Upserting large table extremely slow
Feature Request / Improvement
Feature Request / Improvement
Upserting large dataframes (tens of millions of rows) in un-usably slow due to creating a massive BooleanExpression in upsert_util.create_match_filter. This is before any IO is even started. It would be nice if upserts could support large tables.
I'd be happy to work on this issue.
Haha I was just looking at this last week, it is especially slow for time series data with tens of millions of rows (that is a huuuuuge filter) -- I wonder if it would make sense for a user to be able to supply their own filter into the util? That was what enabled me to squeeze more performance out after hard coding it in
Being able to provide a "hint" seems like a decent workaround, but then we have to rely on the user providing the correct filter, otherwise the upsert won't work properly.
Ultimately I think upsert should be able to make use of the table's PartitionSpec to determine what files to read given the table to be upserted. (This would only work when the row identifiers are also being used to partition but I believe that is a pretty natural use pattern).
This aligns well with the discussion here: https://github.com/apache/iceberg-python/issues/2138#issuecomment-2997190853
While there have been improvements to upsert - like reducing memory pressure and avoiding recursion in create_match_filter - performance is still suboptimal. This is largely because upsert is currently built on top of operations like delete and overwrite.
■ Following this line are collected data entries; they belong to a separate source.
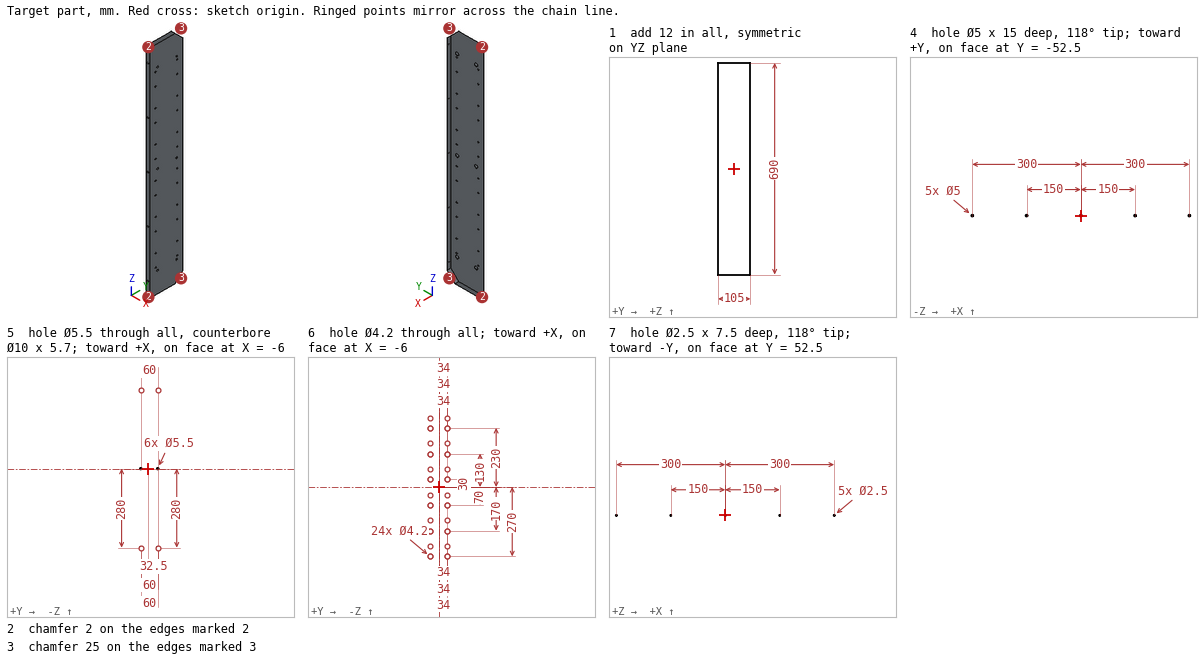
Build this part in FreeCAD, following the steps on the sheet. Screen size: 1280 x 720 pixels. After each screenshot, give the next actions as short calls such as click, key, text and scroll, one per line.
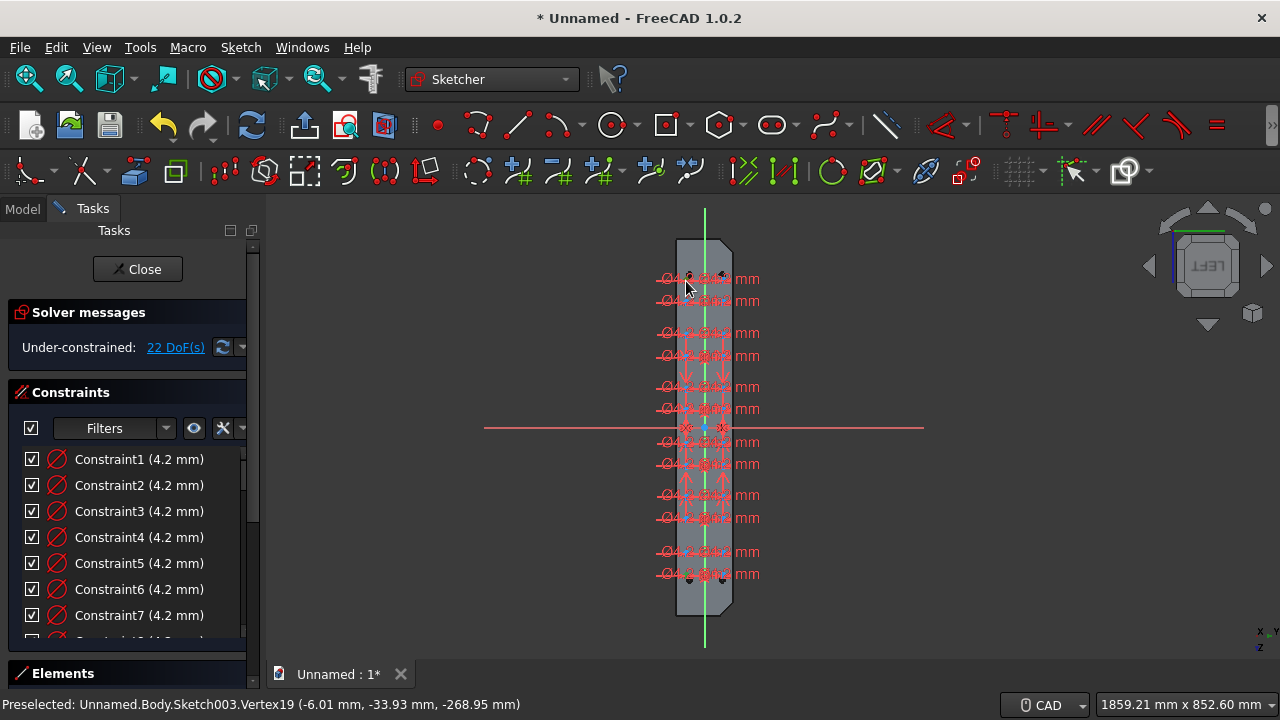
click(529, 428)
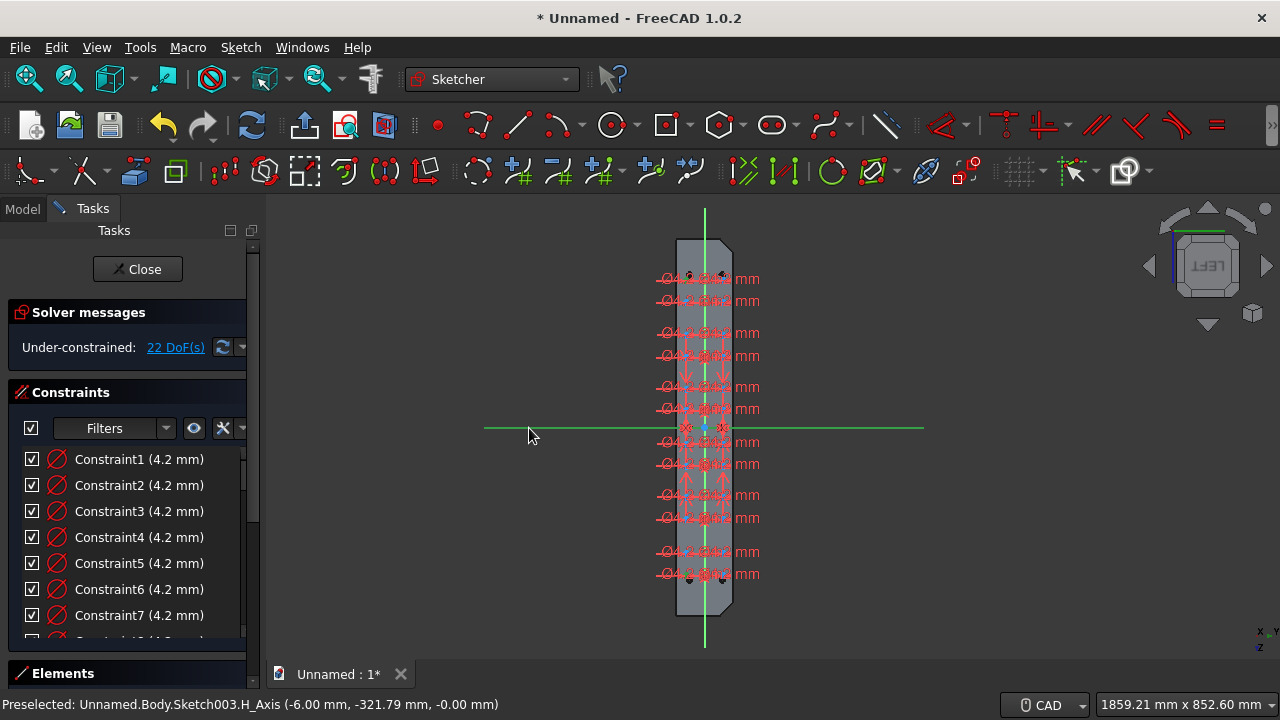
key(s)
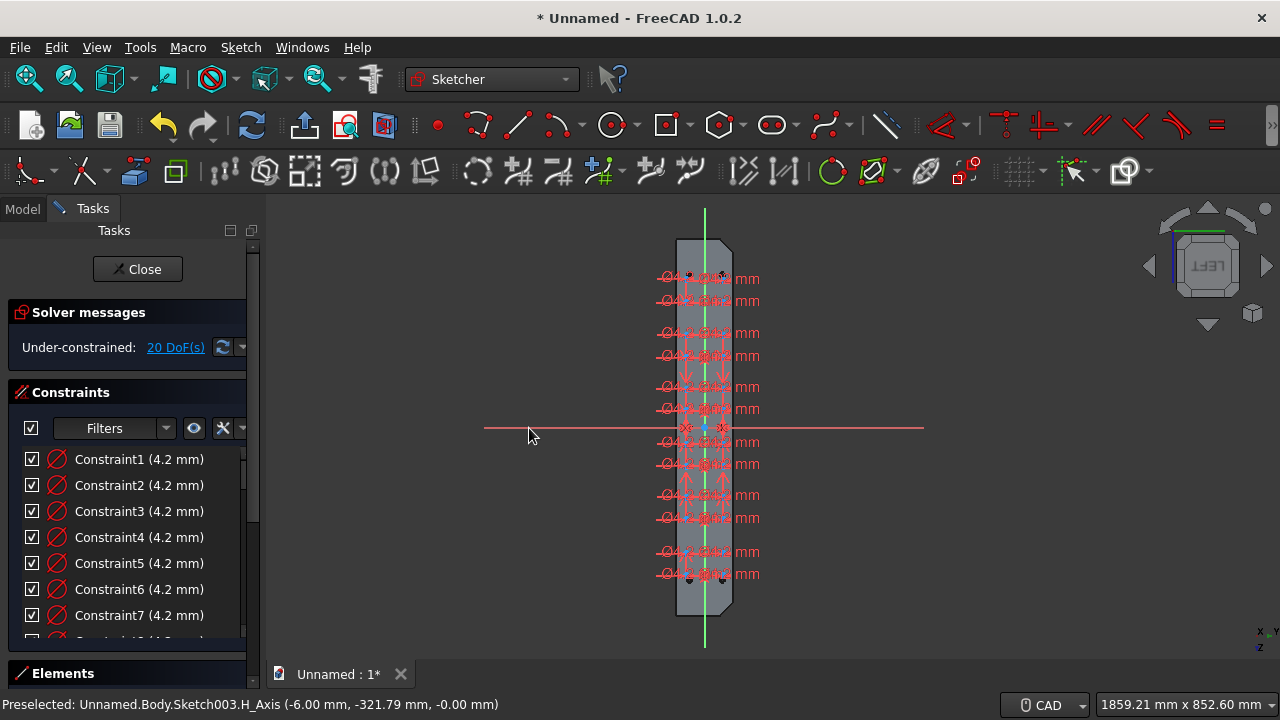
click(723, 576)

For example, overwrite internally performs a delete followed by an append. The delete step may even rewrite entire data files by applying a filter and preserving rows that don’t match, then rewriting the result using the current schema, partition spec, and sort order.
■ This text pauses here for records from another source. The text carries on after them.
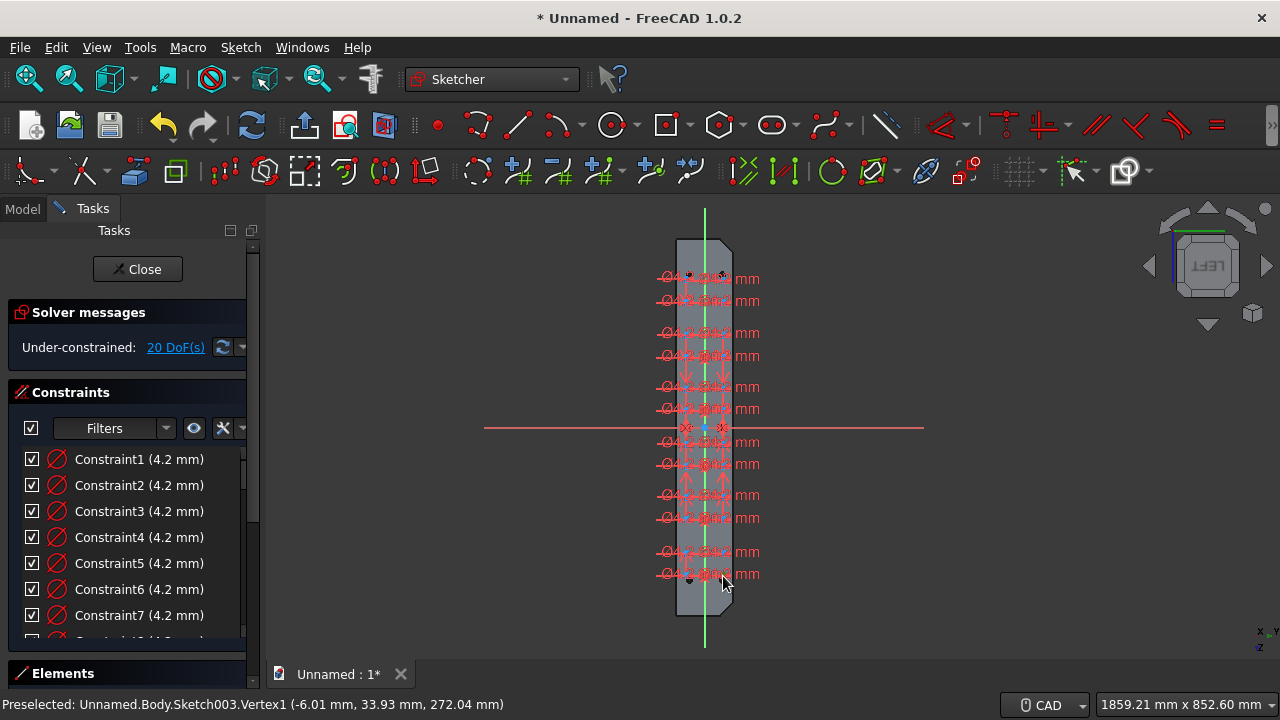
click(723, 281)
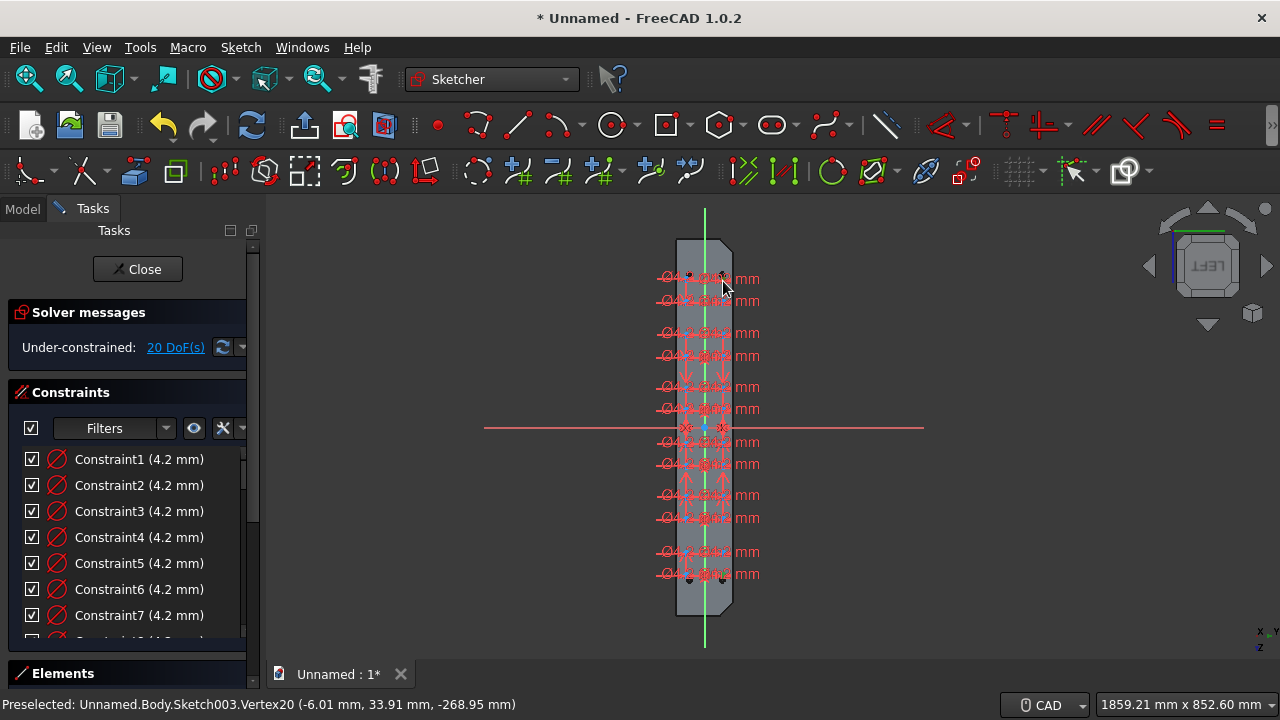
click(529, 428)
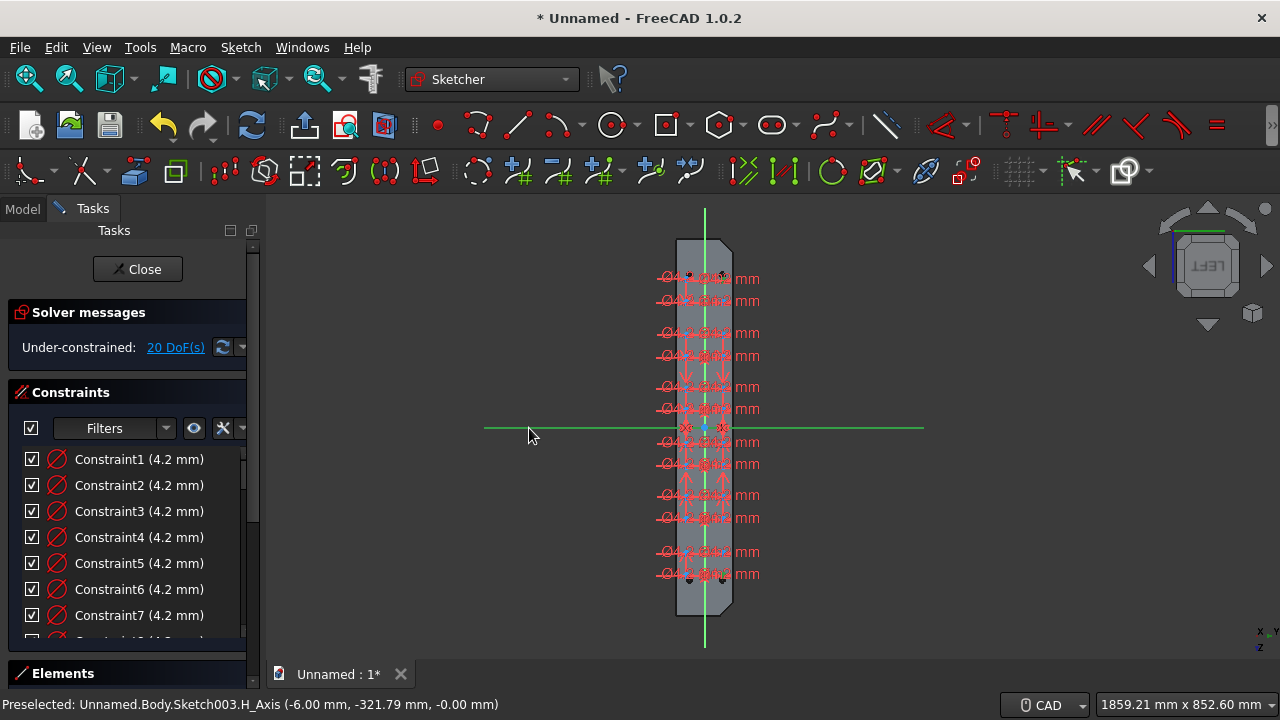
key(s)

Interestingly, this "replace" behavior in delete is already very close to what an upsert needs to do - especially when new rows are appended immediately after. Here's a simplified view of how files are rewritten:
df = ArrowScan(...).to_table(...)
filtered_df = df.filter(preserve_row_filter)
if len(filtered_df) == 0:
replaced_files.append((original_file.file, []))
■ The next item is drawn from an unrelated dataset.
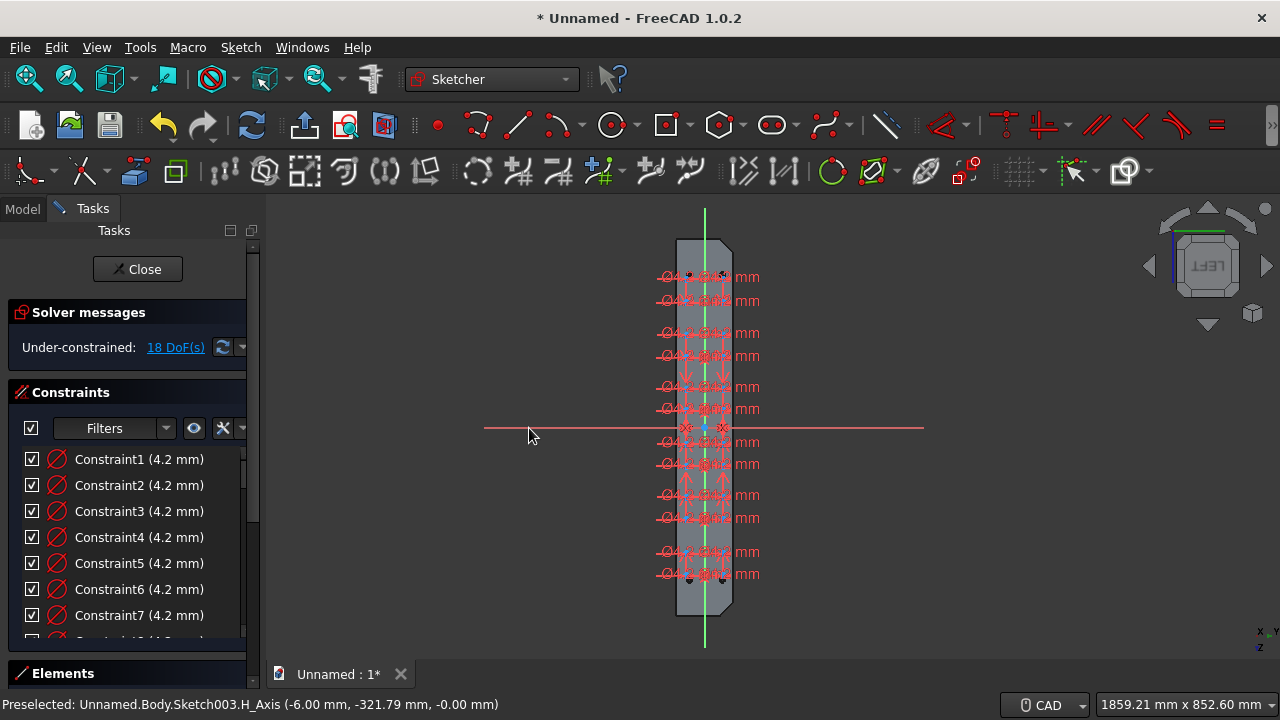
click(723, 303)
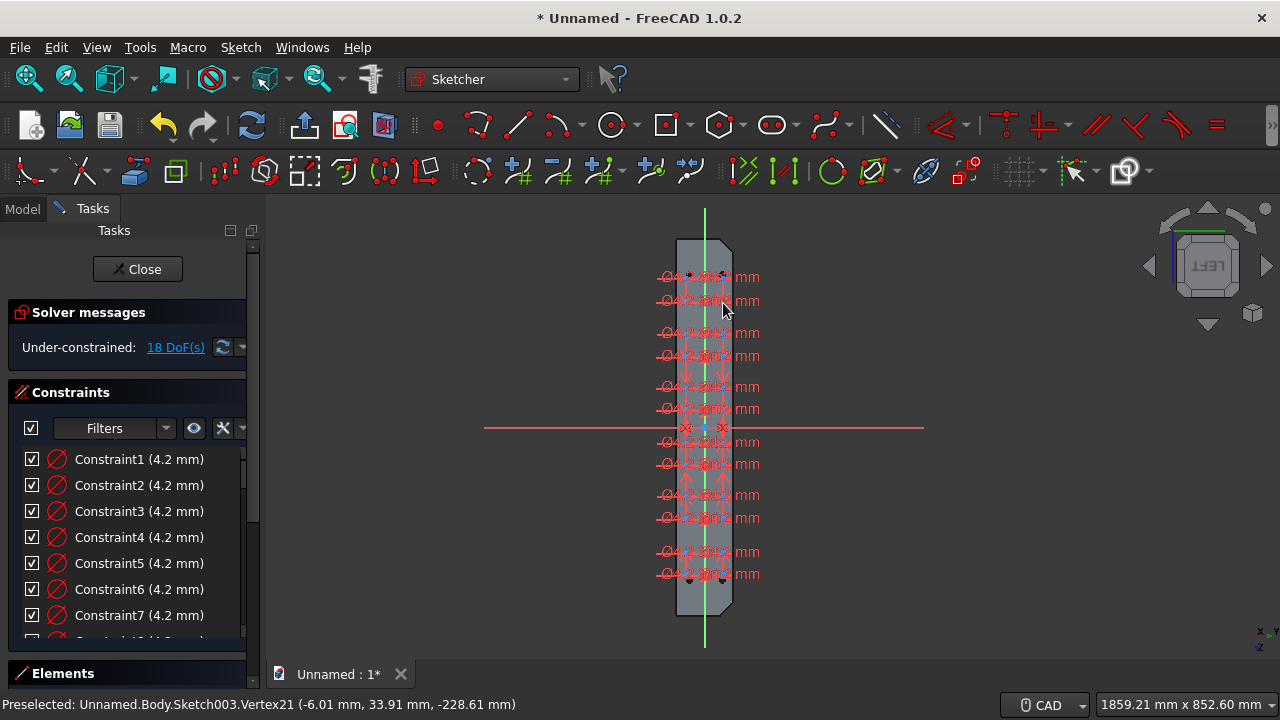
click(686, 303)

elif len(df) != len(filtered_df):
replaced_files.append((original_file.file, [...]))
Because upsert reuses these higher-level constructs, we lose the opportunity to optimize the operation at a lower level. Treating upsert as a first-class primitive, like delete or overwrite, would allow us to optimize each step more precisely and avoid unnecessary rewrites, which is especially important for large tables.
cc @Fokko
Hey @koenvo thanks for raising this discussion. Nothing is set in stone, so there are always possibilities to optimize, and I agree, we started with rough building blocks.
The nice thing of the current approach is, when there is nothing to delete, it will only create an append operation. Also creating two snapshots (DELETE+APPEND) instead of just a OVERWRITE, makes it more transparent to other clients to what happend to the table. Although this should not be at every expense. Currently, we actually produce:
DELETE,APPENDfor the delete operationAPPENDfor the insert operation
Also, potentially generating quite a bit of data and metadata, so there is definitely room for improvement.
Here's a simplified view of how files are rewritten:
I don't think that's correct, because there we pull in all the data in memory, but we filter on only relevant files based on the Iceberg metadata.
I think @Anton-Tarazi's original point -- creating a bunch of (Python object) filter expressions for every row in a large dataframe is going to be slow, and we do that before any real i/o happens -- this is done so that, as Fokko says,
we filter on only relevant files based on the Iceberg metadata.
My guess is for tables of a certain size/layout you'd do better to just skip this metadata-based file pruning given the expensive python object creations.
Honestly, I think it would be a better use of community resources to invest more in the iceberg-rust/datafusion path so that the bulk of this logic can be moved out of pure python, than to spend a ton of effort trying to optimize the Python implementation.
Honestly, I think it would be a better use of community resources to invest more in the iceberg-rust/datafusion path so that the bulk of this logic can be moved out of pure python, than to spend a ton of effort trying to optimize the Python implementation.
Agreed, I think if we spent more effort rolling wheels from the rust version and targeting a tighter relationship between pyiceberg and the rust implementation everyone wins
Totally agree. Lets start exploring the iceberg-rust codebase
@Fokko @kevinjqliu do you think its worth setting up a roadmap for what should be candidates for rolling wheels from rust? Would really help focus efforts on lacking parts of rust if we want parity!
I've created https://github.com/apache/iceberg-python/issues/2396 as I think that would already speed up things quite a bit.
Posted this on Slack as well but during my initial test with one month of data.
I read Parquet source files in batches of 128 MB (based on file size) and used .upsert() to write to iceberg. I tried with the table identifier as a single column (xxhash 128) and multiple columns (the actual business columns).
initial upsert (on empty table) 962,000 rows in 75 seconds batch 2 upsert 967,000 rows in 256 seconds batch 3 upsert 728,000 rows in 328 seconds
Then I tried to process 1 day of data and I ran into an OOM error (with delta-rs this same test took 3 seconds to completely successfully).
Each batch took longer than the previous batch and everything took way too long. I am going to test if I can use partial overwrites to build a more specific predicate/expression.